» **PROMPT**
An exact copy of all the lines below is required, with every image left out.

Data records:
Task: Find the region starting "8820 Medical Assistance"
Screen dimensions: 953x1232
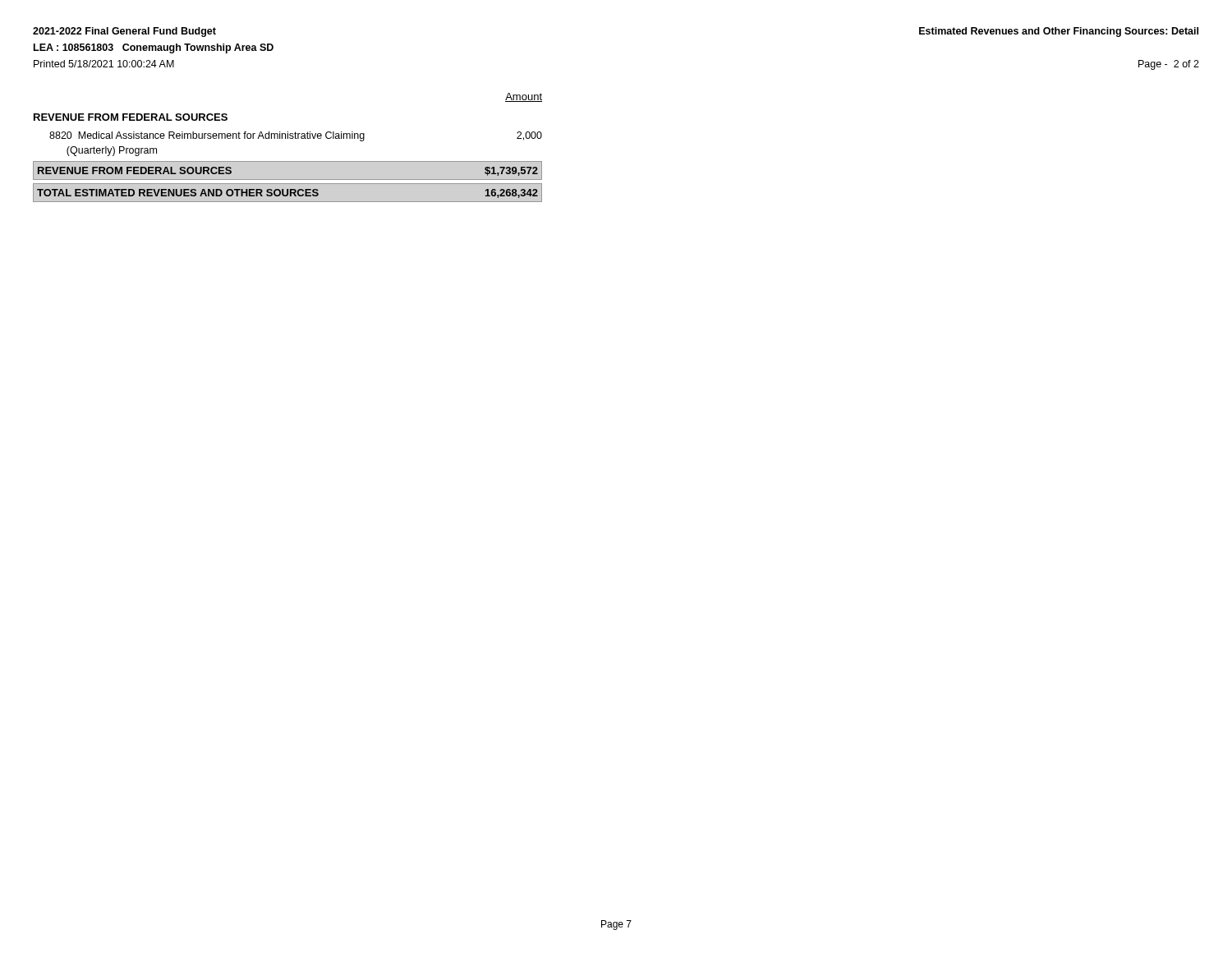Action: coord(296,143)
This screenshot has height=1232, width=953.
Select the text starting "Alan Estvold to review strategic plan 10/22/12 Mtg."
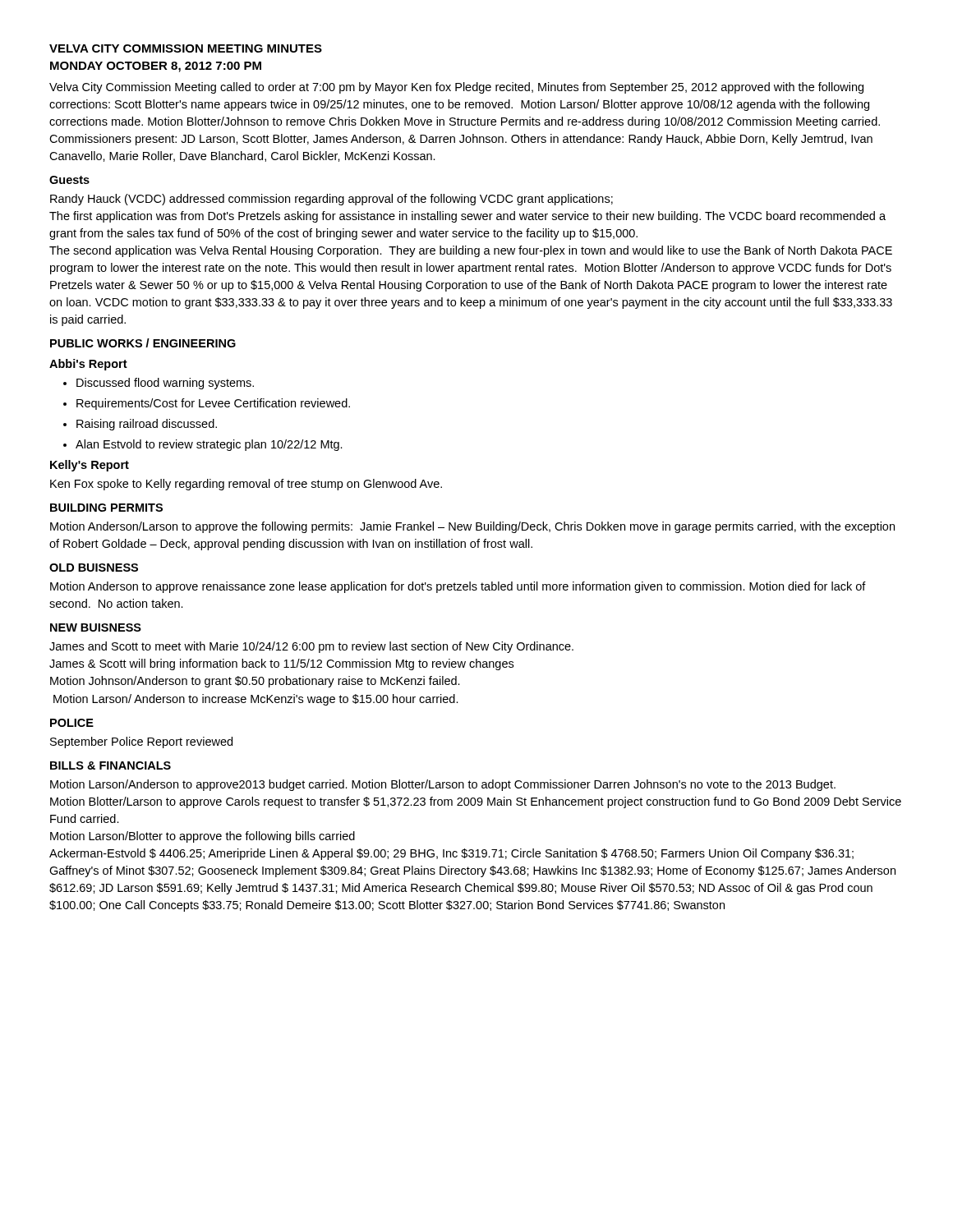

» **SOLUTION TO THE PROBLEM**
Task: Find the region starting "8820 Medical Assistance"
Screen dimensions: 953x1232
Action: coord(296,143)
This screenshot has height=1232, width=953.
Select the text starting "Alan Estvold to review strategic plan 10/22/12 Mtg."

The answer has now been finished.